Diagnose van de tong

Jef de Vriese • 82 - 2006/07 • Uitgave: 25
Onze tong heeft een gigantische invloed op onze geestelijke toestand. Volgroeide zonde heeft de dood als resultaat (Jak. 1:15). De negatieve gevolgen tasten het hele leven aan, wat zich uitdrukt in boosheid (Jak. 1:20), misleiding (1:26), anderen verkeerd behandelen (Jak. 2:3, 6), onderlinge strijd (Jak. 4:1), trotse grootspraak (Jak. 4:16) en niet menen wat wij zeggen (Jak. 5:12). Films en soaps lopen over van deze ongerechtigheid, maar veel ‘christenen’ zitten wel te kijken en te genieten van de zonde die ze zien. De tentoongestelde begeerte vult de schuilhoeken van het hart. Wie zo aandacht besteedt aan het vlees kan zich onmogelijk onbesmet van de wereld bewaren (Rom. 13:14).
Het is huiveringwekkend dat heel dit proces gedirigeerd wordt vanuit de hel. Het woord ‘hel’ roept bij de Jood de gedacht op aan de Hinnon-vallei, een grote afvalberg van rommel en dode karkassen, die voortdurend in brand staat en waar niets nog bruikbaar is.

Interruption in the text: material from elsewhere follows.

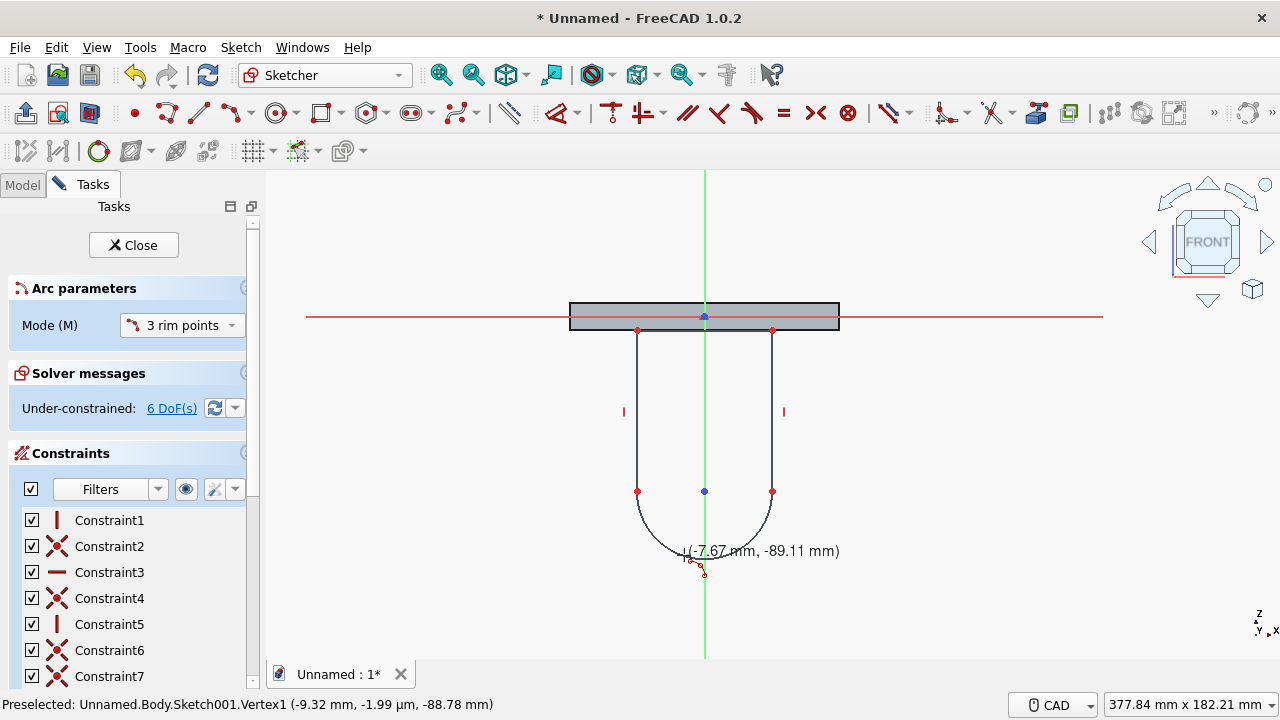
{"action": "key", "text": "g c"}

Het vuur van de tong is het vuur van de hel. Zij verbrandt al het goede dat in de buurt is. Zij is onder de orkestratie van de duivel en zijn demonen. Gladde woorden verbergen oorlog in het hart. Zij wrijven zonder liefde de waarheid als zout in de wonde. Zij werken als oorlogswapens, zwaarden en dolksteken (Ps. 55:21; 59:7; 64:3). Het is gemakkelijker een wild dier te temmen, dan de tong te beheersen. Zij is een onberekenbaar dodelijk gif met onberekenbare schade.
Wij stellen die diagnose over de tong van een ander. Zelden stellen we die voor eigen tong. Onderscheiden wij ons hart dan niet?